Солнечным июльским днём класс повели гулять на стрелку у ЗАГСа. Олежка обратил внимание на старую туристку, неуклюже метнувшую монетку в речку, (чтобы вернуться), монетка не долетела до воды, а скатилась по крутому бетону до самой кромки и плюхнулась в жидкий ил. Лето в разгаре, уровень воды минимальный, и самая кромка у берега обнажена.

 

Он вспомнил похожий случай, тогда пьяные молодожёны кидали монетки совсем не далеко, значит, они все упали на бетон и скатились к его кромке. Там и надо искать. Вооружившись палкой-копалкой, Олежка спустился по сухому и чистому бетону прямо на грязный ил. Сделав пару копающих движений, Олежка тут же извлёк монетку, которая легко оттёрлась. Это были дореформенные 10 копеек. Олежка подумал:  — монета уже не в ходу, и не имеет нумизматической ценности, потому что таких, у каждого школьника горсти, но сам прогноз на клад оказался верным и Олежка продолжил. Уже через десять минут в кармане у Кошакова оказались 2х, 3х,10ти, 15ти, копеечные монеты дохрущёвского образца, три монеты николаевской эпохи и огромный елизаветинский пятак, а современных денег было очень мало. На велосипед будет трудно накопать.

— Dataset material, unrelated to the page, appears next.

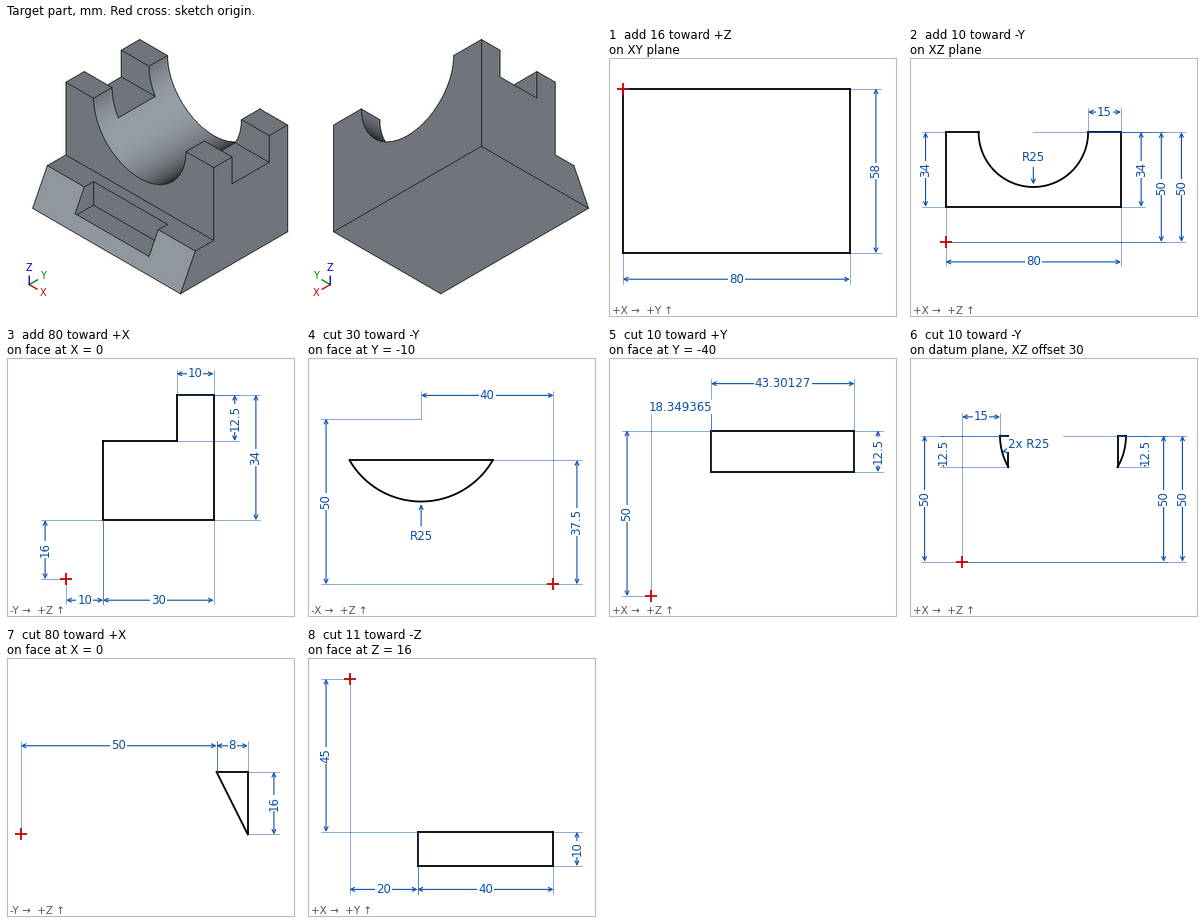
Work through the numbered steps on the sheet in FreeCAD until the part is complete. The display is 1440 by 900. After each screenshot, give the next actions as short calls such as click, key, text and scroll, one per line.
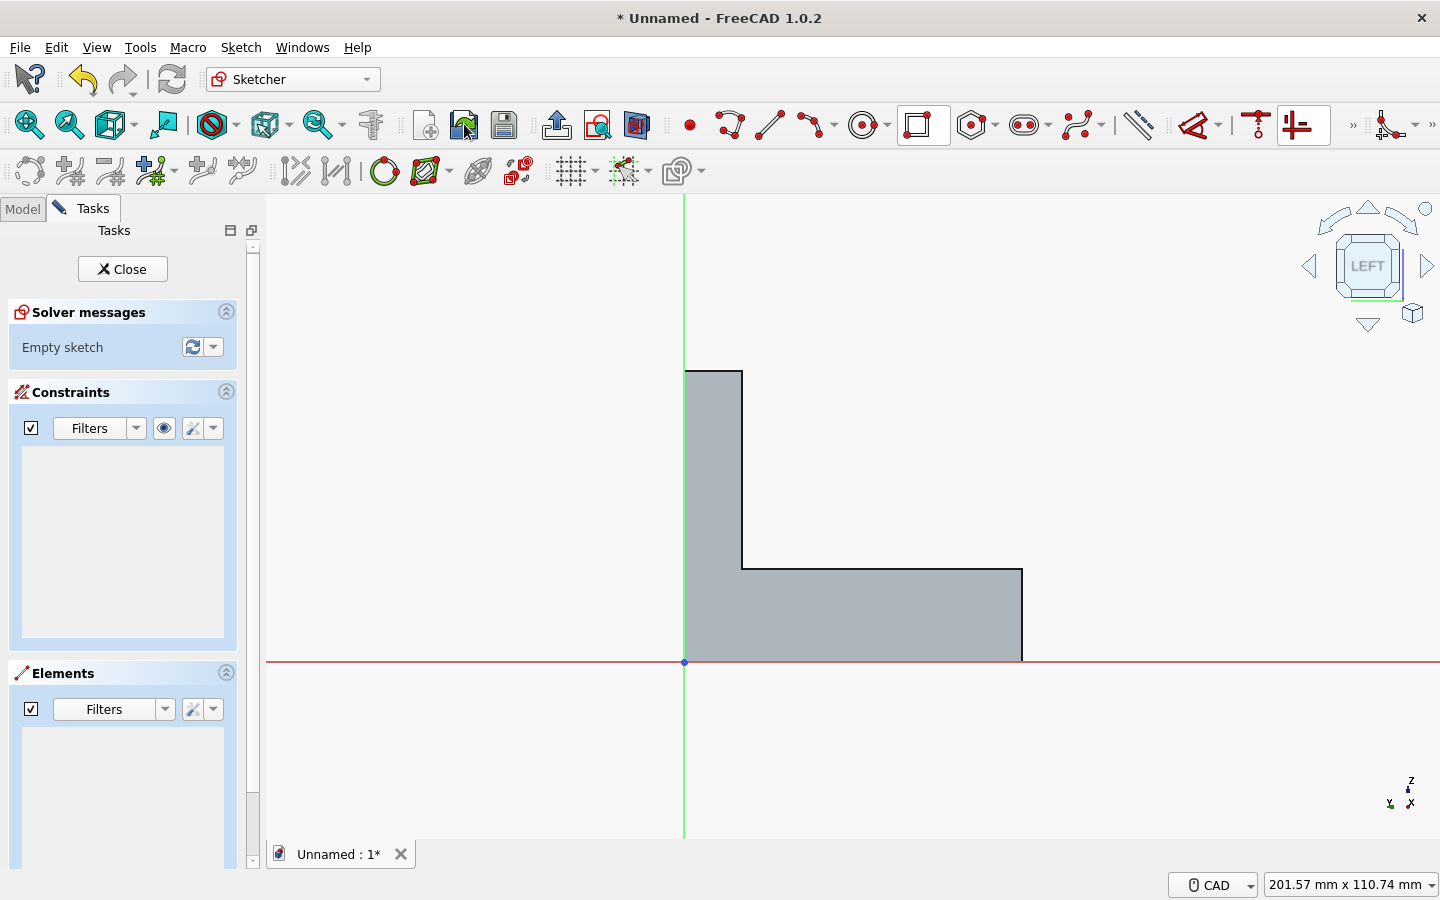
scroll(833, 517, up, 2)

— Кошаков, твою мать! да какого ж ты в грязи-то ковыряешься, неужели не можешь, как все в чистоте играть, а ну-ка поднимайся сюда, — кричала Ниныванна.

Именно в этом момент палка-копалка обнажила очередную находку, и она сверкнула солнечным светом. Олежка, не оттирая блестящий предмет от грязи, сунул его в карман и полез наверх по крутому бетону.

— Выворачивай карманы, — приказала учительница.

Олежка повиновался. Монетки не вызвали интереса у училки, а вот то, что Олежка не разглядел, очень заинтересовало. Вместе с монетками на ладошке лежало добротное, массивное, обручальное кольцо, и не было никаких причин думать, что оно не из золота. ЗАГС, в двадцати метрах, сколько судеб рухнуло прямо на этой набережной.

— Где взял, — спросила Ниныванна.

— Нашёл, только что.

— Не ври.

— Не вру.

— Я забираю у тебя кольцо, и завтра явишься с родителями.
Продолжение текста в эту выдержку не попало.